Kerstavond

Dit wordt geen vrolijk verhaal. Eigenlijk zou ik het liever vergeten. Maar omdat het gebeurde op de avond voor kerst, denk ik er elk jaar weer aan. Ik was Officier van Dienst Geneeskundig (OvD-G). Dat betekent dat ik de ambulancezorg coördineer bij grotere incidenten waarbij meerdere ambulances worden ingezet. Het was de hele dag al hectisch. Alle ambulances waren op de weg voor ongewone meldingen.

Net als ik de eerste hap van mijn avondeten neem, gaat de pieper. In de auto tik ik het scherm aan en zie de melding. “Motorrijder met hoge snelheid tegen boom”. Ook de traumahelikopter is ingezet. Met zwaailicht en sirene draai ik de weg op. Via de mobilofoon hoor ik de meldkamercentralist ambulancezorg informatie geven over de situatie ter plaatse aan de twee aanrijdende ambulances. De patiënt zou in slechte toestand zijn. Even later hoor ik – ook weer via de mobilofoon – dat mijn collega’s die al zijn aangekomen de heli afmelden. Ze kunnen niets meer doen. De patiënt is overleden.

Een minuut later kom ik ook aan bij de plek van het ongeval. De collega’s van de twee ambulances staan met z’n vieren bij het slachtoffer. Ik loop naar ze toe voor een korte nabespreking. Hadden we iets kunnen doen? Eén blik op het slachtoffer maakt duidelijk dat we echt niets meer hadden kunnen betekenen. Het is een beeld dat je echt liever niet ziet.

Het gaat maar door deze dag. Al snel vraagt de meldkamer- centralist ambulancezorg of de twee aanwezige ambulances zich vrij kunnen maken voor een volgende inzet. Ik overleg even met de collega’s. Zij geven aan de volgende inzetten te kunnen doen.

Ik blijf samen met de politie achter. De forensisch arts moet nog komen.
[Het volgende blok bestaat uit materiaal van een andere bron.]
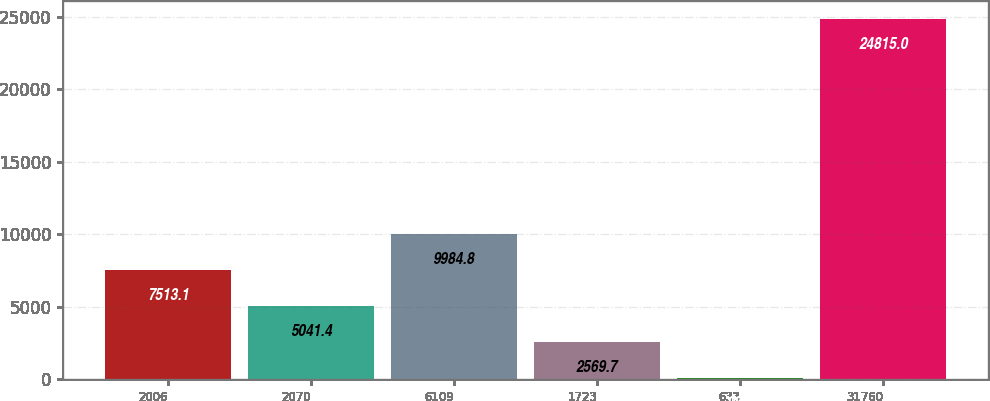Convert chart. <chart><loc_0><loc_0><loc_500><loc_500><bar_chart><fcel>2006<fcel>2070<fcel>6109<fcel>1723<fcel>633<fcel>31760<nl><fcel>7513.1<fcel>5041.4<fcel>9984.8<fcel>2569.7<fcel>98<fcel>24815<nl></chart> 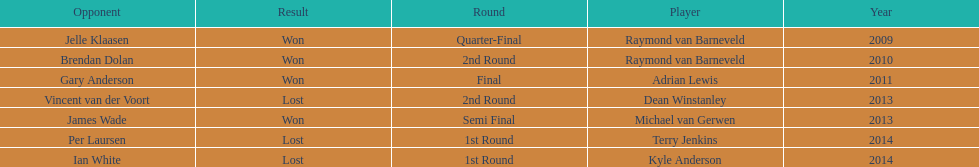Did terry jenkins or per laursen win in 2014? Per Laursen. 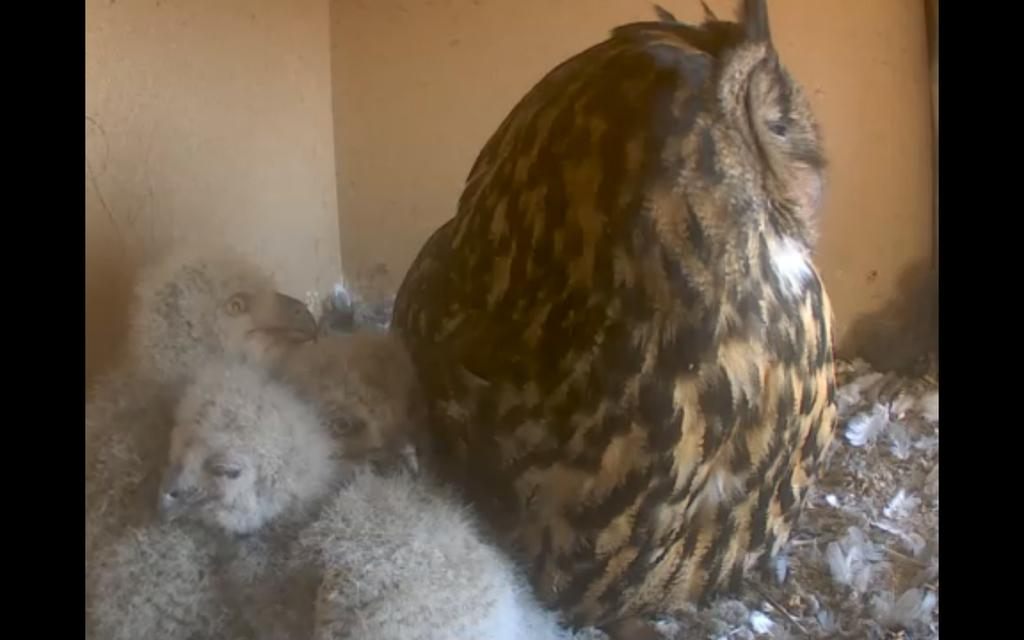What type of animals can be seen in the image? There are birds in the image. Where are the birds located in relation to the wall? The birds are in front of a wall. What color are the bikes in the image? There are no bikes present in the image; it features birds in front of a wall. 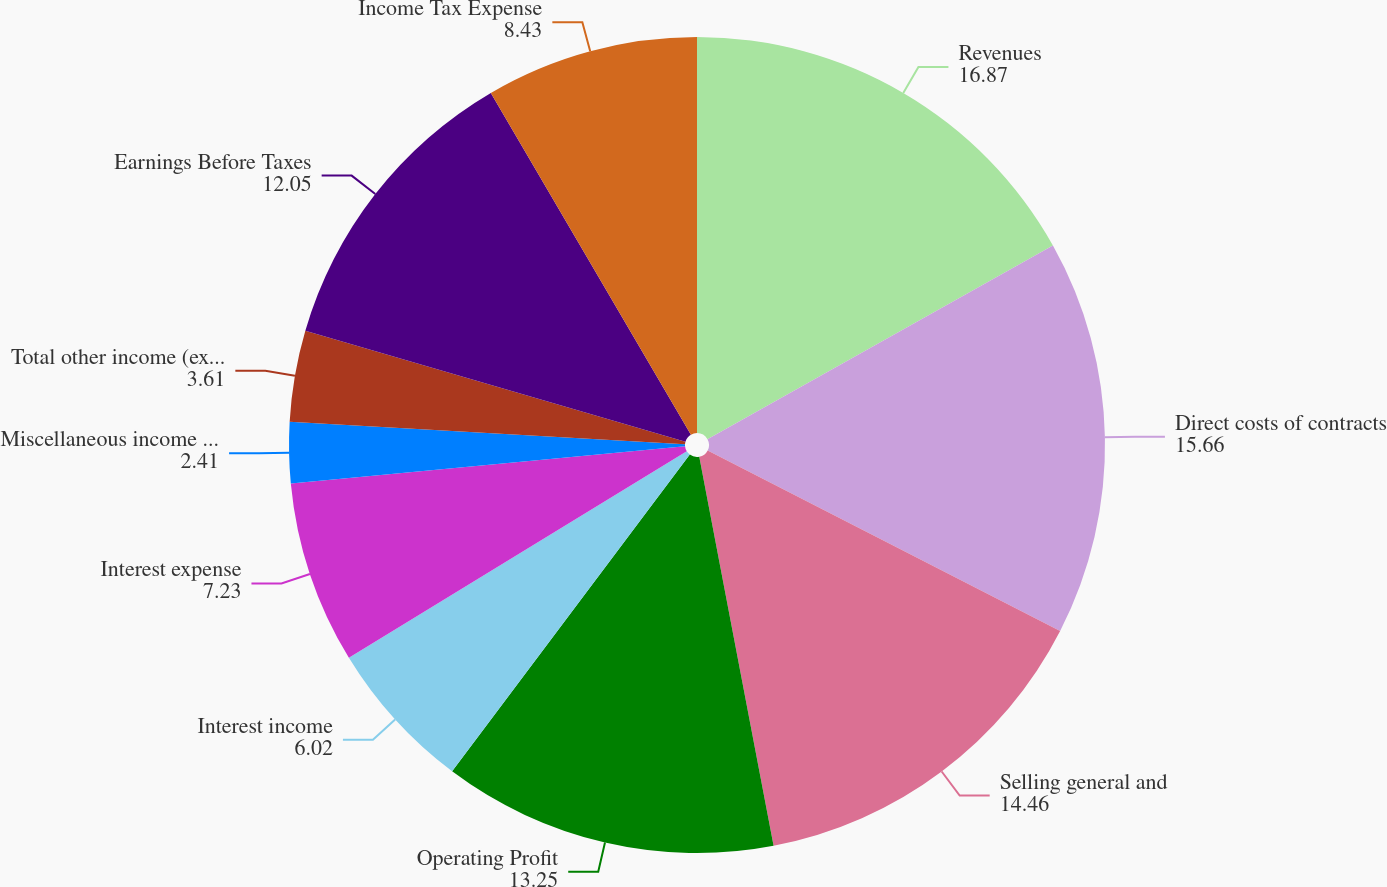<chart> <loc_0><loc_0><loc_500><loc_500><pie_chart><fcel>Revenues<fcel>Direct costs of contracts<fcel>Selling general and<fcel>Operating Profit<fcel>Interest income<fcel>Interest expense<fcel>Miscellaneous income (expense)<fcel>Total other income (expense)<fcel>Earnings Before Taxes<fcel>Income Tax Expense<nl><fcel>16.87%<fcel>15.66%<fcel>14.46%<fcel>13.25%<fcel>6.02%<fcel>7.23%<fcel>2.41%<fcel>3.61%<fcel>12.05%<fcel>8.43%<nl></chart> 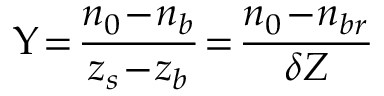Convert formula to latex. <formula><loc_0><loc_0><loc_500><loc_500>\Upsilon \, = \, \frac { n _ { 0 } \, - \, n _ { b } } { z _ { s } \, - \, z _ { b } } \, = \, \frac { n _ { 0 } \, - \, n _ { b r } } { \delta Z }</formula> 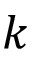Convert formula to latex. <formula><loc_0><loc_0><loc_500><loc_500>k</formula> 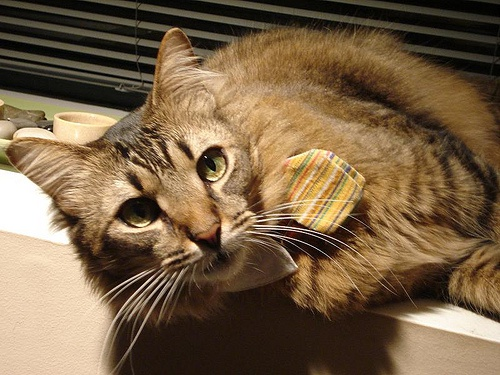Describe the objects in this image and their specific colors. I can see cat in black, maroon, and tan tones, tie in black, tan, and gold tones, and cup in black, tan, and lightyellow tones in this image. 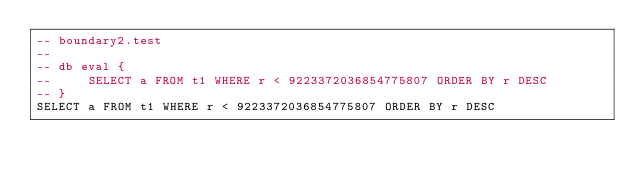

Daarna kan het slachtoffer naar het mortuarium vervoerd worden. Als ik met de OvD van de politie sta te overleggen, stopt een grote stationcar. Een jonge vrouw stapt uit en komt recht op mij af. Ze kijkt naar het witte laken bij de boom. Volledig overstuur vraagt ze of dat haar man is. Hij was nog even een rondje op de motor gaan maken. Mijn hoofd draait overuren: “Hoe pak ik dit aan?” Ik heb ruim twintig jaar ervaring, maar deze situatie is nieuw voor mij. De collega van de politie vraagt vriendelijk of de vrouw het kenteken kan noemen van de motor. Dat kan ze.

Ik ontferm mij over de vrouw. We lopen naar haar auto terug. Op de achterbank zitten twee kleine kinderen. Ik voel emotie opkomen, maar schakel in de ‘professional modus’. We laten de vrouw niet zelf naar huis rijden. Over een paar minuten komt een agente die hen naar huis zal brengen. “Kan ik mijn man nog even zien?”, vraagt de vrouw me. Het beeld van de verongelukte man flitst weer door mijn hoofd. Dat beeld wil ik haar besparen. Ik probeer uit te leggen dat het op dit moment niet zo’n goed idee is. De kinderen op de achterbank huilen en roepen om papa. Dan is de agente er om de vrouw en kinderen naar hun eigen huis te rijden.

Terug in mijn auto regel ik meteen dat een arts bij dit jonge gezin langs gaat voor begeleiding. Daarna volgt de overdracht aan de forensisch arts. Als dit achter de rug is, meld ik me even vrij. Ik voel tranen opkomen tijdens het korte moment van rust in mijn dienstauto. Mijn rust duurt echter niet lang.

Met een luide piep komt de volgende melding binnen: fietser aangereden op een provinciale weg, de traumaheli vliegt ook. Ik zet de zwaailichten aan en rijd weg. Met hoge snelheid passeer ik een fraai verlicht bord en herhaal de tekst die erop staat. “Ja hoor, prettige kerstdagen”. Ik slik en zet een knop om in mijn hoofd. Aan het werk. Maar hoe moeilijk soms ook, dit lukt me altijd weer. Juist omdat er ook zoveel momenten zijn waarop je als ambulancehulpverlener het positieve verschil kunt maken.

Alleen vraag ik mij wel elk jaar op 24 december af: hoe zou het met die vrouw en kinderen zijn…?

Dit verhaal van een ambulanceverpleegkundige is gebaseerd op de realiteit. Om privacyredenen is het verhaal op details aangepast.